CREATE TABLE "players" (  
&nbsp;&nbsp;&nbsp;&nbsp;"match_id" INTEGER,  
&nbsp;&nbsp;&nbsp;&nbsp;"account_id" INTEGER,  
&nbsp;&nbsp;&nbsp;&nbsp;"hero_id" INTEGER,  
&nbsp;&nbsp;&nbsp;&nbsp;"player_slot" INTEGER,  
&nbsp;&nbsp;&nbsp;&nbsp;"gold" INTEGER,  
&nbsp;&nbsp;&nbsp;&nbsp;"gold_per_min" INTEGER,  
&nbsp;&nbsp;&nbsp;&nbsp;"kills" INTEGER,  
&nbsp;&nbsp;&nbsp;&nbsp;"deaths" INTEGER,  
&nbsp;&nbsp;&nbsp;&nbsp;"assists" INTEGER,  
&nbsp;&nbsp;&nbsp;&nbsp;"denies" INTEGER,  
&nbsp;&nbsp;&nbsp;&nbsp;"last_hits" INTEGER,  
&nbsp;&nbsp;&nbsp;&nbsp;"stuns" REAL,
&nbsp;&nbsp;&nbsp;&nbsp;"hero_damage" INTEGER,  
&nbsp;&nbsp;&nbsp;&nbsp;"hero_healing" INTEGER,  
&nbsp;&nbsp;&nbsp;&nbsp;"tower_damage" INTEGER,  
&nbsp;&nbsp;&nbsp;&nbsp;"level" INTEGER,  
&nbsp;&nbsp;&nbsp;&nbsp;"leaver_status" INTEGER,  
&nbsp;&nbsp;&nbsp;&nbsp;"radiant" INTEGER  
)  
  
CREATE TABLE "heroes" (  
&nbsp;&nbsp;&nbsp;&nbsp;"name" TEXT,  
&nbsp;&nbsp;&nbsp;&nbsp;"hero_id" INTEGER,  
&nbsp;&nbsp;&nbsp;&nbsp;"localized_name" TEXT  
)  

### Stage 3. Metrics Calculation

##### Part 1. Lanes analysis

1. Let's see how often a team wins if they have megacreeps

In [None]:
m_creeps_winrate_query = """
WITH results AS (
    SELECT SUM(CASE radiant.result WHEN 1 THEN radiant.qty ELSE 0 END) AS radiant_wins
         , SUM(CASE radiant.result WHEN 0 THEN radiant.qty ELSE 0 END) AS radiant_losts
         , SUM(CASE dire.result WHEN 1 THEN dire.qty ELSE 0 END)       AS dire_wins
         , SUM(CASE dire.result WHEN 0 THEN dire.qty ELSE 0 END)       AS dire_losts
    FROM (SELECT radiant_win AS result
               , count(*)    AS qty
          FROM match
          WHERE m_creeps_radiant = 1
          GROUP BY radiant_win) AS radiant
             JOIN
         (SELECT CASE radiant_win WHEN 1 THEN 0 ELSE 1 END AS result
               , count(*)                                  AS qty
          FROM match
          WHERE m_creeps_dire = 1
          GROUP BY radiant_win) AS dire
         ON radiant.result = dire.result)
SELECT (radiant_wins * 100) / (radiant_wins + radiant_losts) AS radiant_wins_percent
     , (dire_wins * 100) / (dire_wins + dire_losts)          AS dire_wins_percent
FROM results
"""

conn = create_connection("./dota.db")
m_creeps_winrate = pd.read_sql_query(m_creeps_winrate_query, conn)
print(m_creeps_winrate)

As we can see, a radiant team as well as a dire team wins with megacreeps in 99% cases.

2. Nomination "Have won middle - have won the game".

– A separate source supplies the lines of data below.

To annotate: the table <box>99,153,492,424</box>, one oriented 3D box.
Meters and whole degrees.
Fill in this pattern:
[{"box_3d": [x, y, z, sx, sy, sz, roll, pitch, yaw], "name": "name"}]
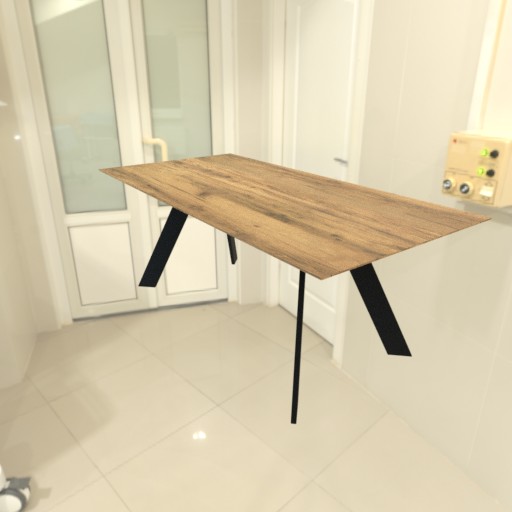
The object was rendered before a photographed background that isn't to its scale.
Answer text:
[{"box_3d": [0.000, 0.000, 2.489, 1.000, 0.770, 2.000, -16, 27, -33], "name": "table"}]
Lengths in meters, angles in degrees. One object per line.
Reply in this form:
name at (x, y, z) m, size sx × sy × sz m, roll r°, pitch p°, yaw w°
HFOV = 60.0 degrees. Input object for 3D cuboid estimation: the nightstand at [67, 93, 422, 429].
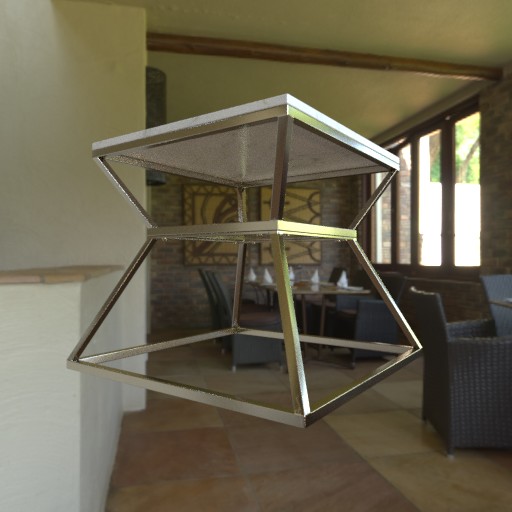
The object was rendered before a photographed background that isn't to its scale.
nightstand at (0.000, 0.000, 0.897) m, size 0.514 × 0.426 × 0.513 m, roll 0°, pitch -1°, yaw 36°
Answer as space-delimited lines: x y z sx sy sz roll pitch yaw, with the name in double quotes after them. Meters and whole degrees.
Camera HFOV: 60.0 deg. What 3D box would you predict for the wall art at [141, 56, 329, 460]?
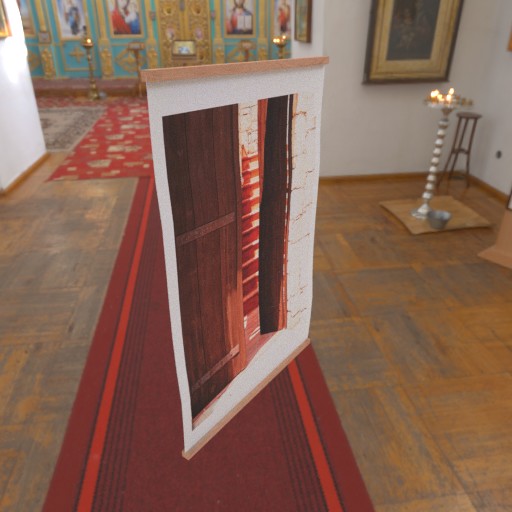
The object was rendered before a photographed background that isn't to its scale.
0.000 0.000 0.632 0.012 0.508 0.332 19 32 33 "wall art"
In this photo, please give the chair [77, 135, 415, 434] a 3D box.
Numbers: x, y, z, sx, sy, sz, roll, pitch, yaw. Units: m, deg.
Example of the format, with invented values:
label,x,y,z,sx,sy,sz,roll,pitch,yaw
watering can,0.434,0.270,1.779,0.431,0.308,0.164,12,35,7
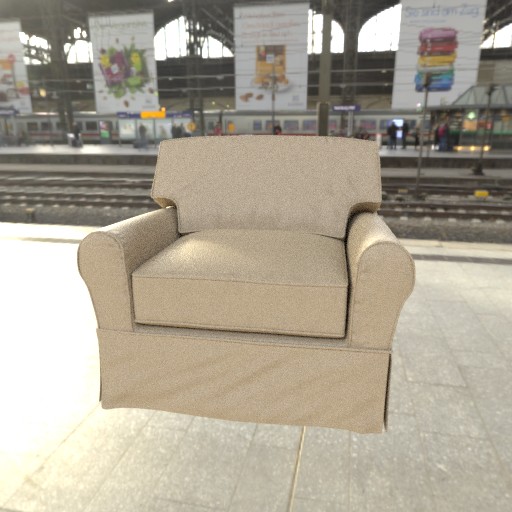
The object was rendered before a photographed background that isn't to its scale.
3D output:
label,x,y,z,sx,sy,sz,roll,pitch,yaw
chair,0.000,0.000,1.792,1.096,0.937,0.903,3,16,9
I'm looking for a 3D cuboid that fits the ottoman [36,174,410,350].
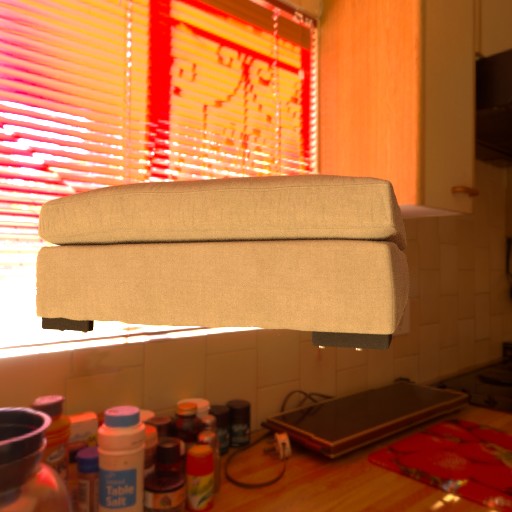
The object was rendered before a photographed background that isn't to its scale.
[{"bbox_3d":[0.000,0.000,1.814,1.171,0.517,1.203,-1,-2,20],"label":"ottoman"}]
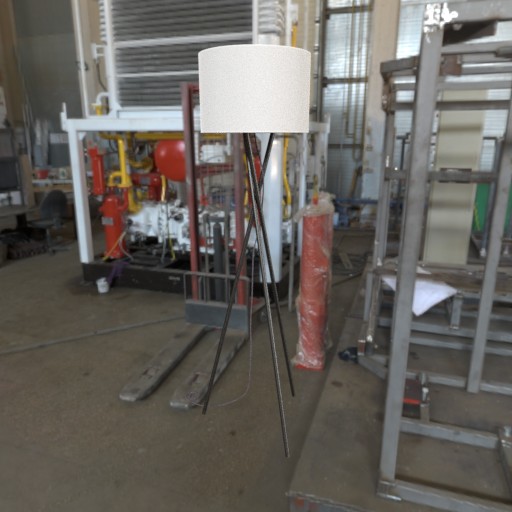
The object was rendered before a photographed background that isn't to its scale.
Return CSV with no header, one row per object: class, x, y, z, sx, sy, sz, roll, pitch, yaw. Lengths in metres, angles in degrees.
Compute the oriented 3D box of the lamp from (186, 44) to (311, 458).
lamp,0.000,0.000,1.963,0.522,1.624,0.667,-8,17,-26
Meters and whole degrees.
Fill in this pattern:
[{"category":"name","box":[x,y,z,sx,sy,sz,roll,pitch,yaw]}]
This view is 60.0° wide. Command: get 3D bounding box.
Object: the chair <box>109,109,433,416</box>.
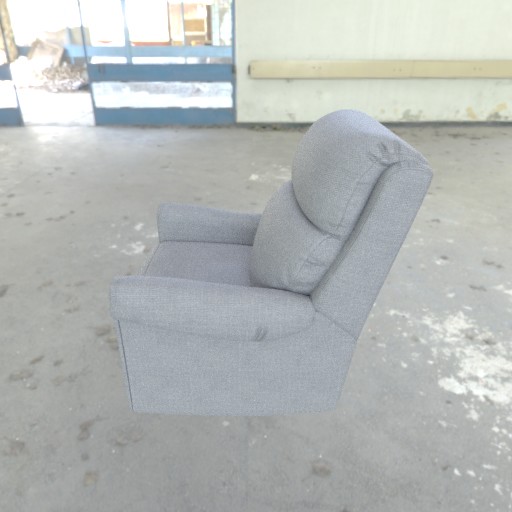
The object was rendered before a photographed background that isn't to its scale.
[{"category":"chair","box":[0.000,0.000,1.756,1.014,1.054,0.838,0,26,1]}]
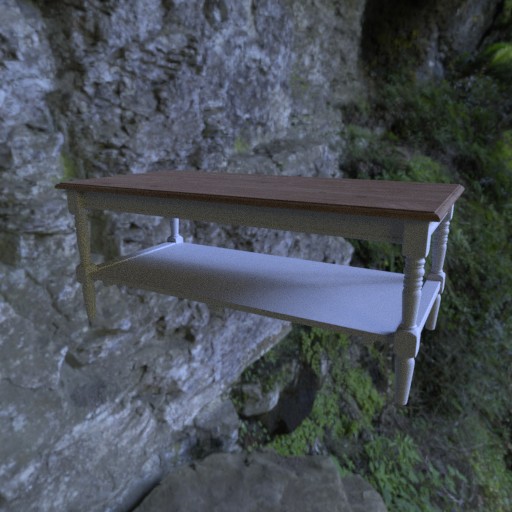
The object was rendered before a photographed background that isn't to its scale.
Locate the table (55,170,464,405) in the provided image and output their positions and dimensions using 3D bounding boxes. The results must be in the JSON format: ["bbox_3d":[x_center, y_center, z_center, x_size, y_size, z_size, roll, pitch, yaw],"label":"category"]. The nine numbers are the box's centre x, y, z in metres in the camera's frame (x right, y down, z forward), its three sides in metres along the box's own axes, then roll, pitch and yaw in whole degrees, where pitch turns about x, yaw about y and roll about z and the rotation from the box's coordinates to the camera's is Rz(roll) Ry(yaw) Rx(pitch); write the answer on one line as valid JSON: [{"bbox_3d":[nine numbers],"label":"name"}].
[{"bbox_3d":[0.000,0.000,1.408,1.118,0.458,0.559,8,18,28],"label":"table"}]
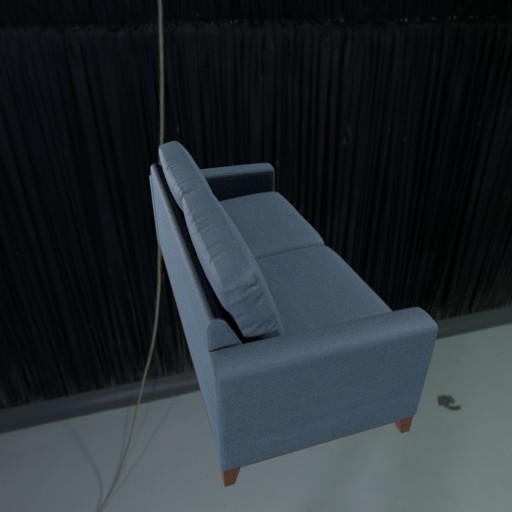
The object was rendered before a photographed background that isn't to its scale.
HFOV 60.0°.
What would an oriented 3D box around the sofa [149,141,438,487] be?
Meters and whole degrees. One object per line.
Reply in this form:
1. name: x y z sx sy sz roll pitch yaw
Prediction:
1. sofa: 0.000 0.000 2.360 0.877 0.865 1.900 -9 32 -15
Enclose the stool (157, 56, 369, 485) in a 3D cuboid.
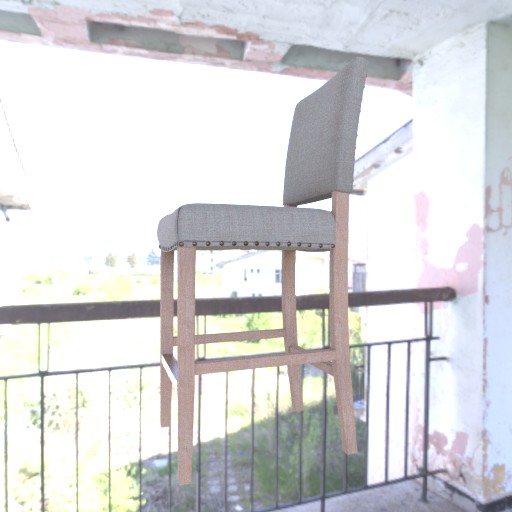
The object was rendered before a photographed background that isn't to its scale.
[{"bbox_3d":[0.000,0.000,1.425,0.585,1.173,0.445,0,0,-19],"label":"stool"}]
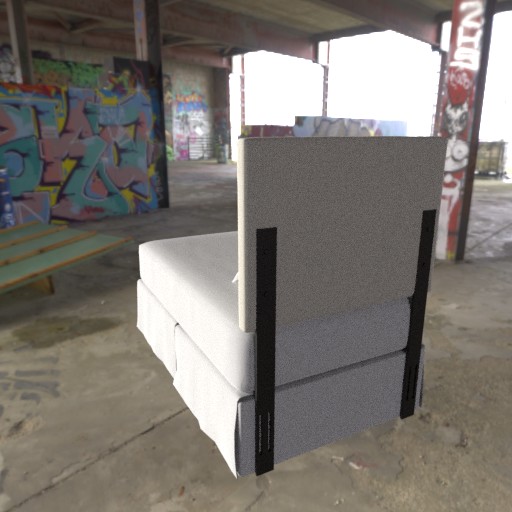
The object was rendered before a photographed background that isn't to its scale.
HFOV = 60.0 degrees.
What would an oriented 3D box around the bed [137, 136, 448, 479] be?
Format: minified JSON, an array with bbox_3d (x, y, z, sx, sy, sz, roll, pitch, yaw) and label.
[{"bbox_3d":[0.000,0.000,2.981,1.261,1.571,1.997,-8,18,-27],"label":"bed"}]
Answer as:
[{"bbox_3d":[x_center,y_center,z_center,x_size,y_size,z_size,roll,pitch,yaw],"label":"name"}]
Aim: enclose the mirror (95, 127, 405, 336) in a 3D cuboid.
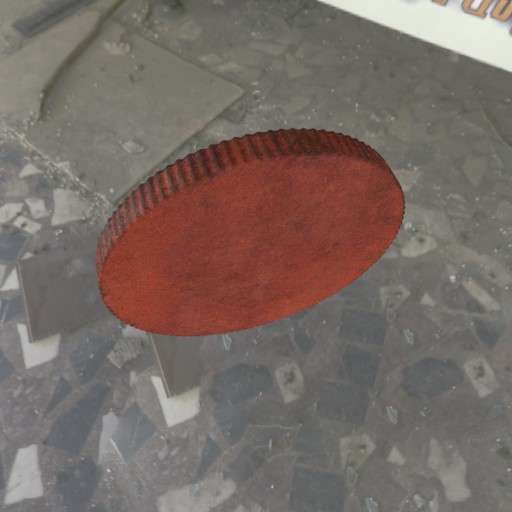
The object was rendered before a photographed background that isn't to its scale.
[{"bbox_3d":[0.000,0.000,0.895,0.609,0.609,0.056,-14,60,-9],"label":"mirror"}]
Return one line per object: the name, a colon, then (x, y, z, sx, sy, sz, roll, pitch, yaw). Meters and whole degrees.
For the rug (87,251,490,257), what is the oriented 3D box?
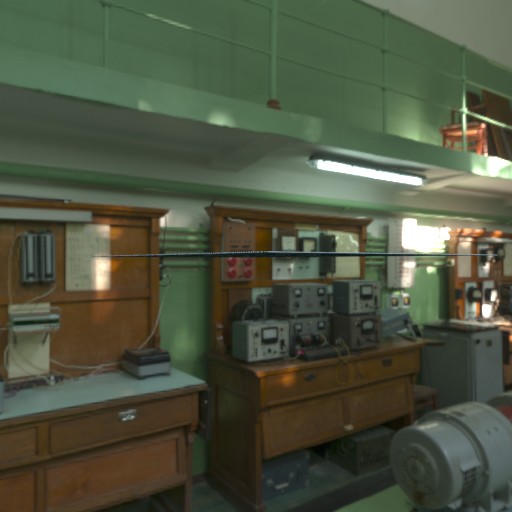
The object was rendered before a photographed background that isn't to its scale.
rug: (0.000, 0.000, 2.265, 1.206, 0.003, 1.835, 0, -1, -35)
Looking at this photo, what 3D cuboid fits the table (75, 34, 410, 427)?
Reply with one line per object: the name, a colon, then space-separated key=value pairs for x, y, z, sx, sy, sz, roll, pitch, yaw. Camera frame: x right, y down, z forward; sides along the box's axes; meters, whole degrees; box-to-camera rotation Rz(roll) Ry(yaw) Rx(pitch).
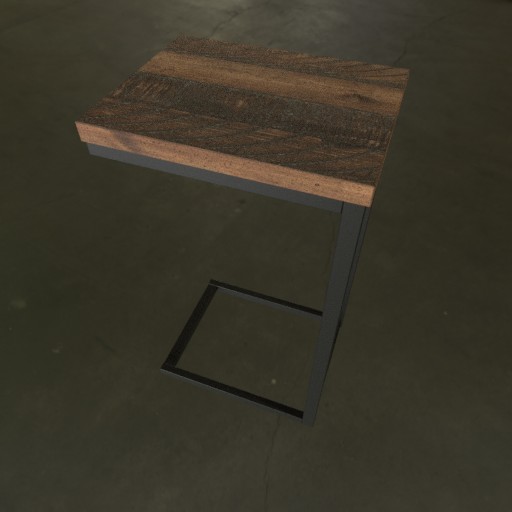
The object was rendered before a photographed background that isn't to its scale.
table: x=0.000 y=0.000 z=0.926 sx=0.414 sy=0.718 sz=0.323 roll=15 pitch=49 yaw=14
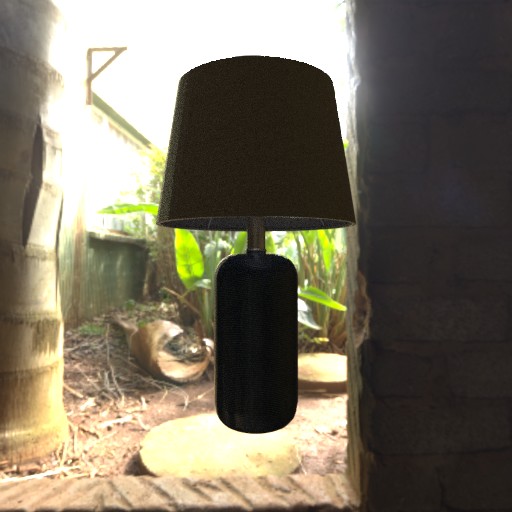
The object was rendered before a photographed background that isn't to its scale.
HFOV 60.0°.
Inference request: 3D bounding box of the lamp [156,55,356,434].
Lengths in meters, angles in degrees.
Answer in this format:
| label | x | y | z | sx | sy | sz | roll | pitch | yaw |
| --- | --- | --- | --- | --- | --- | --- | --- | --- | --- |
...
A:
| label | x | y | z | sx | sy | sz | roll | pitch | yaw |
| --- | --- | --- | --- | --- | --- | --- | --- | --- | --- |
| lamp | 0.000 | 0.000 | 0.572 | 0.253 | 0.428 | 0.253 | 0 | 0 | 0 |
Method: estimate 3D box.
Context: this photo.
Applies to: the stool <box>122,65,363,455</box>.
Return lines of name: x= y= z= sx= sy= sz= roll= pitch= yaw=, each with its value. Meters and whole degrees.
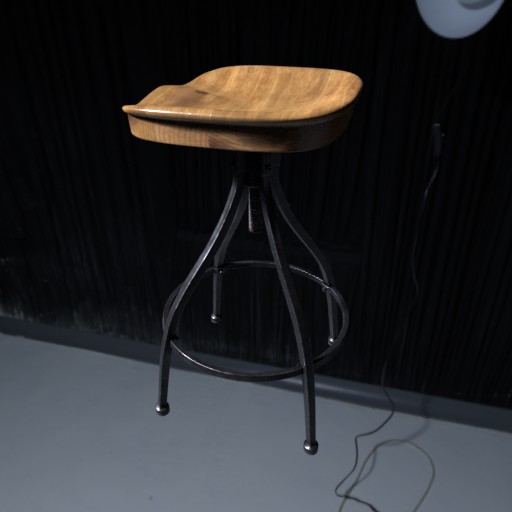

Middle lane is the shortest and the most important lane in Dota2.
In this section we will calculate a percent of games where a winner have destroyed 
only the middle lane buildings and have won a game. 

In [None]:
mid_lane_winrate_query = """
SELECT SUM(res.win_qty) * 100 / SUM(res.total_qty) AS win_rate
FROM (SELECT SUM(radiant_win) AS win_qty
           , COUNT(*)         AS total_qty
      FROM match
      WHERE middle_lane_status_dire = 0
        and bottom_lane_status_dire = 1
        and top_lane_status_dire = 1
      UNION ALL
      SELECT SUM(CASE radiant_win WHEN 1 THEN 0 ELSE 1 END) AS win_qty
           , COUNT(*)                                       AS total_qty
      FROM match
      WHERE middle_lane_status_radiant = 0
        and bottom_lane_status_radiant = 1
        and top_lane_status_radiant = 1) AS res;
"""
mid_lane_winrate = pd.read_sql_query(mid_lane_winrate_query, conn)
print(mid_lane_winrate)

Wow! 61% of all the games ended throught the only one middle lane! Quite interesting, isn't it?
Let's check other two lanes by the same way

In [None]:
# Top lane

top_lane_winrate_query = mid_lane_winrate_query.replace(
    "middle_lane_status_dire = 0", "middle_lane_status_dire = 1"
).replace(
    "top_lane_status_dire = 1", "top_lane_status_dire = 0"
).replace(
    "middle_lane_status_radiant = 0", "middle_lane_status_radiant = 1"
).replace(
    "top_lane_status_radiant = 1", "top_lane_status_radiant = 0"
)
print(top_lane_winrate_query)

top_lane_winrate = pd.read_sql_query(top_lane_winrate_query, conn)

print(top_lane_winrate)

Only 19%. It is a big difference.

In [None]:
# Bottom lane

bottom_lane_winrate_query = top_lane_winrate_query.replace(
    "top_lane_status_dire = 0", "top_lane_status_dire = 1"
).replace(
    "bottom_lane_status_dire = 1", "bottom_lane_status_dire = 0"
).replace(
    "top_lane_status_radiant = 0", "top_lane_status_radiant = 1"
).replace(
    "bottom_lane_status_radiant = 1", "bottom_lane_status_radiant = 0"
)
print(bottom_lane_winrate_query)

bottom_lane_winrate = pd.read_sql_query(bottom_lane_winrate_query, conn)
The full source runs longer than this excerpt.